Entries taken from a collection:

┄┄┄┄┄┄

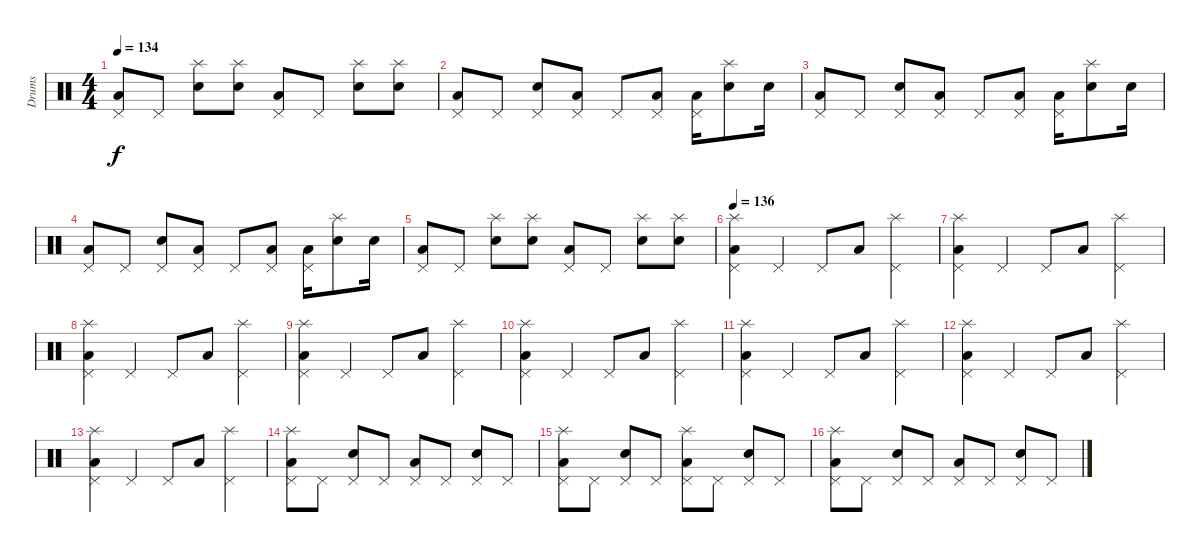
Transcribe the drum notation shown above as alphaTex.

\track ("Drums" "Drums") {instrument percussion}
\staff {score}
\articulation defaults
\ts (4 4)
\tempo 134
\clef neutral
\ks c
("Low Floor Tom (hit)" "Pedal Hi-Hat (hit)").8{dy f} "Pedal Hi-Hat (hit)".8 ("Electric Snare (hit)" "Splash (hit)").8 ("Electric Snare (hit)" "Splash (hit)").8 ("Low Floor Tom (hit)" "Pedal Hi-Hat (hit)").8 "Pedal Hi-Hat (hit)".8 ("Electric Snare (hit)" "Splash (hit)").8 ("Electric Snare (hit)" "Splash (hit)").8 |
("Low Floor Tom (hit)" "Pedal Hi-Hat (hit)").8 "Pedal Hi-Hat (hit)".8 ("Electric Snare (hit)" "Pedal Hi-Hat (hit)").8 ("Low Floor Tom (hit)" "Pedal Hi-Hat (hit)").8 "Pedal Hi-Hat (hit)".8 ("Low Floor Tom (hit)" "Pedal Hi-Hat (hit)").8 ("Low Floor Tom (hit)" "Pedal Hi-Hat (hit)").16 ("Electric Snare (hit)" "Splash (hit)").8 "Electric Snare (hit)".16 |
("Low Floor Tom (hit)" "Pedal Hi-Hat (hit)").8 "Pedal Hi-Hat (hit)".8 ("Electric Snare (hit)" "Pedal Hi-Hat (hit)").8 ("Low Floor Tom (hit)" "Pedal Hi-Hat (hit)").8 "Pedal Hi-Hat (hit)".8 ("Low Floor Tom (hit)" "Pedal Hi-Hat (hit)").8 ("Low Floor Tom (hit)" "Pedal Hi-Hat (hit)").16 ("Electric Snare (hit)" "Splash (hit)").8 "Electric Snare (hit)".16 |
("Low Floor Tom (hit)" "Pedal Hi-Hat (hit)").8 "Pedal Hi-Hat (hit)".8 ("Electric Snare (hit)" "Pedal Hi-Hat (hit)").8 ("Low Floor Tom (hit)" "Pedal Hi-Hat (hit)").8 "Pedal Hi-Hat (hit)".8 ("Low Floor Tom (hit)" "Pedal Hi-Hat (hit)").8 ("Low Floor Tom (hit)" "Pedal Hi-Hat (hit)").16 ("Electric Snare (hit)" "Splash (hit)").8 "Electric Snare (hit)".16 |
("Low Floor Tom (hit)" "Pedal Hi-Hat (hit)").8 "Pedal Hi-Hat (hit)".8 ("Electric Snare (hit)" "Splash (hit)").8 ("Electric Snare (hit)" "Splash (hit)").8 ("Low Floor Tom (hit)" "Pedal Hi-Hat (hit)").8 "Pedal Hi-Hat (hit)".8 ("Electric Snare (hit)" "Splash (hit)").8 ("Electric Snare (hit)" "Splash (hit)").8 |
\tempo 136
("Low Floor Tom (hit)" "Pedal Hi-Hat (hit)" "Splash (hit)").4 "Pedal Hi-Hat (hit)".4 "Pedal Hi-Hat (hit)".8 "Low Floor Tom (hit)".8 ("Pedal Hi-Hat (hit)" "Splash (hit)").4 |
("Low Floor Tom (hit)" "Pedal Hi-Hat (hit)" "Splash (hit)").4 "Pedal Hi-Hat (hit)".4 "Pedal Hi-Hat (hit)".8 "Low Floor Tom (hit)".8 ("Pedal Hi-Hat (hit)" "Splash (hit)").4 |
("Low Floor Tom (hit)" "Pedal Hi-Hat (hit)" "Splash (hit)").4 "Pedal Hi-Hat (hit)".4 "Pedal Hi-Hat (hit)".8 "Low Floor Tom (hit)".8 ("Pedal Hi-Hat (hit)" "Splash (hit)").4 |
("Low Floor Tom (hit)" "Pedal Hi-Hat (hit)" "Splash (hit)").4 "Pedal Hi-Hat (hit)".4 "Pedal Hi-Hat (hit)".8 "Low Floor Tom (hit)".8 ("Pedal Hi-Hat (hit)" "Splash (hit)").4 |
("Low Floor Tom (hit)" "Pedal Hi-Hat (hit)" "Splash (hit)").4 "Pedal Hi-Hat (hit)".4 "Pedal Hi-Hat (hit)".8 "Low Floor Tom (hit)".8 ("Pedal Hi-Hat (hit)" "Splash (hit)").4 |
("Low Floor Tom (hit)" "Pedal Hi-Hat (hit)" "Splash (hit)").4 "Pedal Hi-Hat (hit)".4 "Pedal Hi-Hat (hit)".8 "Low Floor Tom (hit)".8 ("Pedal Hi-Hat (hit)" "Splash (hit)").4 |
("Low Floor Tom (hit)" "Pedal Hi-Hat (hit)" "Splash (hit)").4 "Pedal Hi-Hat (hit)".4 "Pedal Hi-Hat (hit)".8 "Low Floor Tom (hit)".8 ("Pedal Hi-Hat (hit)" "Splash (hit)").4 |
("Low Floor Tom (hit)" "Pedal Hi-Hat (hit)" "Splash (hit)").4 "Pedal Hi-Hat (hit)".4 "Pedal Hi-Hat (hit)".8 "Low Floor Tom (hit)".8 ("Pedal Hi-Hat (hit)" "Splash (hit)").4 |
("Low Floor Tom (hit)" "Pedal Hi-Hat (hit)" "Splash (hit)").8 "Pedal Hi-Hat (hit)".8 ("Electric Snare (hit)" "Pedal Hi-Hat (hit)").8 "Pedal Hi-Hat (hit)".8 ("Low Floor Tom (hit)" "Pedal Hi-Hat (hit)").8 "Pedal Hi-Hat (hit)".8 ("Electric Snare (hit)" "Pedal Hi-Hat (hit)").8 "Pedal Hi-Hat (hit)".8 |
("Low Floor Tom (hit)" "Pedal Hi-Hat (hit)" "Splash (hit)").8 "Pedal Hi-Hat (hit)".8 ("Electric Snare (hit)" "Pedal Hi-Hat (hit)").8 "Pedal Hi-Hat (hit)".8 ("Low Floor Tom (hit)" "Pedal Hi-Hat (hit)" "Splash (hit)").8 "Pedal Hi-Hat (hit)".8 ("Electric Snare (hit)" "Pedal Hi-Hat (hit)").8 "Pedal Hi-Hat (hit)".8 |
("Low Floor Tom (hit)" "Pedal Hi-Hat (hit)" "Splash (hit)").8 "Pedal Hi-Hat (hit)".8 ("Electric Snare (hit)" "Pedal Hi-Hat (hit)").8 "Pedal Hi-Hat (hit)".8 ("Low Floor Tom (hit)" "Pedal Hi-Hat (hit)").8 "Pedal Hi-Hat (hit)".8 ("Electric Snare (hit)" "Pedal Hi-Hat (hit)").8 "Pedal Hi-Hat (hit)".8

┄┄┄┄┄┄

What you will do:
You need to restate all of the entries above exactly and leave the pictures behind.

Written solution:
Transcribe the drum notation shown above as alphaTex.

\track ("Drums" "Drums") {instrument percussion}
\staff {score}
\articulation defaults
\ts (4 4)
\tempo 134
\clef neutral
\ks c
("Low Floor Tom (hit)" "Pedal Hi-Hat (hit)").8{dy f} "Pedal Hi-Hat (hit)".8 ("Electric Snare (hit)" "Splash (hit)").8 ("Electric Snare (hit)" "Splash (hit)").8 ("Low Floor Tom (hit)" "Pedal Hi-Hat (hit)").8 "Pedal Hi-Hat (hit)".8 ("Electric Snare (hit)" "Splash (hit)").8 ("Electric Snare (hit)" "Splash (hit)").8 |
("Low Floor Tom (hit)" "Pedal Hi-Hat (hit)").8 "Pedal Hi-Hat (hit)".8 ("Electric Snare (hit)" "Pedal Hi-Hat (hit)").8 ("Low Floor Tom (hit)" "Pedal Hi-Hat (hit)").8 "Pedal Hi-Hat (hit)".8 ("Low Floor Tom (hit)" "Pedal Hi-Hat (hit)").8 ("Low Floor Tom (hit)" "Pedal Hi-Hat (hit)").16 ("Electric Snare (hit)" "Splash (hit)").8 "Electric Snare (hit)".16 |
("Low Floor Tom (hit)" "Pedal Hi-Hat (hit)").8 "Pedal Hi-Hat (hit)".8 ("Electric Snare (hit)" "Pedal Hi-Hat (hit)").8 ("Low Floor Tom (hit)" "Pedal Hi-Hat (hit)").8 "Pedal Hi-Hat (hit)".8 ("Low Floor Tom (hit)" "Pedal Hi-Hat (hit)").8 ("Low Floor Tom (hit)" "Pedal Hi-Hat (hit)").16 ("Electric Snare (hit)" "Splash (hit)").8 "Electric Snare (hit)".16 |
("Low Floor Tom (hit)" "Pedal Hi-Hat (hit)").8 "Pedal Hi-Hat (hit)".8 ("Electric Snare (hit)" "Pedal Hi-Hat (hit)").8 ("Low Floor Tom (hit)" "Pedal Hi-Hat (hit)").8 "Pedal Hi-Hat (hit)".8 ("Low Floor Tom (hit)" "Pedal Hi-Hat (hit)").8 ("Low Floor Tom (hit)" "Pedal Hi-Hat (hit)").16 ("Electric Snare (hit)" "Splash (hit)").8 "Electric Snare (hit)".16 |
("Low Floor Tom (hit)" "Pedal Hi-Hat (hit)").8 "Pedal Hi-Hat (hit)".8 ("Electric Snare (hit)" "Splash (hit)").8 ("Electric Snare (hit)" "Splash (hit)").8 ("Low Floor Tom (hit)" "Pedal Hi-Hat (hit)").8 "Pedal Hi-Hat (hit)".8 ("Electric Snare (hit)" "Splash (hit)").8 ("Electric Snare (hit)" "Splash (hit)").8 |
\tempo 136
("Low Floor Tom (hit)" "Pedal Hi-Hat (hit)" "Splash (hit)").4 "Pedal Hi-Hat (hit)".4 "Pedal Hi-Hat (hit)".8 "Low Floor Tom (hit)".8 ("Pedal Hi-Hat (hit)" "Splash (hit)").4 |
("Low Floor Tom (hit)" "Pedal Hi-Hat (hit)" "Splash (hit)").4 "Pedal Hi-Hat (hit)".4 "Pedal Hi-Hat (hit)".8 "Low Floor Tom (hit)".8 ("Pedal Hi-Hat (hit)" "Splash (hit)").4 |
("Low Floor Tom (hit)" "Pedal Hi-Hat (hit)" "Splash (hit)").4 "Pedal Hi-Hat (hit)".4 "Pedal Hi-Hat (hit)".8 "Low Floor Tom (hit)".8 ("Pedal Hi-Hat (hit)" "Splash (hit)").4 |
("Low Floor Tom (hit)" "Pedal Hi-Hat (hit)" "Splash (hit)").4 "Pedal Hi-Hat (hit)".4 "Pedal Hi-Hat (hit)".8 "Low Floor Tom (hit)".8 ("Pedal Hi-Hat (hit)" "Splash (hit)").4 |
("Low Floor Tom (hit)" "Pedal Hi-Hat (hit)" "Splash (hit)").4 "Pedal Hi-Hat (hit)".4 "Pedal Hi-Hat (hit)".8 "Low Floor Tom (hit)".8 ("Pedal Hi-Hat (hit)" "Splash (hit)").4 |
("Low Floor Tom (hit)" "Pedal Hi-Hat (hit)" "Splash (hit)").4 "Pedal Hi-Hat (hit)".4 "Pedal Hi-Hat (hit)".8 "Low Floor Tom (hit)".8 ("Pedal Hi-Hat (hit)" "Splash (hit)").4 |
("Low Floor Tom (hit)" "Pedal Hi-Hat (hit)" "Splash (hit)").4 "Pedal Hi-Hat (hit)".4 "Pedal Hi-Hat (hit)".8 "Low Floor Tom (hit)".8 ("Pedal Hi-Hat (hit)" "Splash (hit)").4 |
("Low Floor Tom (hit)" "Pedal Hi-Hat (hit)" "Splash (hit)").4 "Pedal Hi-Hat (hit)".4 "Pedal Hi-Hat (hit)".8 "Low Floor Tom (hit)".8 ("Pedal Hi-Hat (hit)" "Splash (hit)").4 |
("Low Floor Tom (hit)" "Pedal Hi-Hat (hit)" "Splash (hit)").8 "Pedal Hi-Hat (hit)".8 ("Electric Snare (hit)" "Pedal Hi-Hat (hit)").8 "Pedal Hi-Hat (hit)".8 ("Low Floor Tom (hit)" "Pedal Hi-Hat (hit)").8 "Pedal Hi-Hat (hit)".8 ("Electric Snare (hit)" "Pedal Hi-Hat (hit)").8 "Pedal Hi-Hat (hit)".8 |
("Low Floor Tom (hit)" "Pedal Hi-Hat (hit)" "Splash (hit)").8 "Pedal Hi-Hat (hit)".8 ("Electric Snare (hit)" "Pedal Hi-Hat (hit)").8 "Pedal Hi-Hat (hit)".8 ("Low Floor Tom (hit)" "Pedal Hi-Hat (hit)" "Splash (hit)").8 "Pedal Hi-Hat (hit)".8 ("Electric Snare (hit)" "Pedal Hi-Hat (hit)").8 "Pedal Hi-Hat (hit)".8 |
("Low Floor Tom (hit)" "Pedal Hi-Hat (hit)" "Splash (hit)").8 "Pedal Hi-Hat (hit)".8 ("Electric Snare (hit)" "Pedal Hi-Hat (hit)").8 "Pedal Hi-Hat (hit)".8 ("Low Floor Tom (hit)" "Pedal Hi-Hat (hit)").8 "Pedal Hi-Hat (hit)".8 ("Electric Snare (hit)" "Pedal Hi-Hat (hit)").8 "Pedal Hi-Hat (hit)".8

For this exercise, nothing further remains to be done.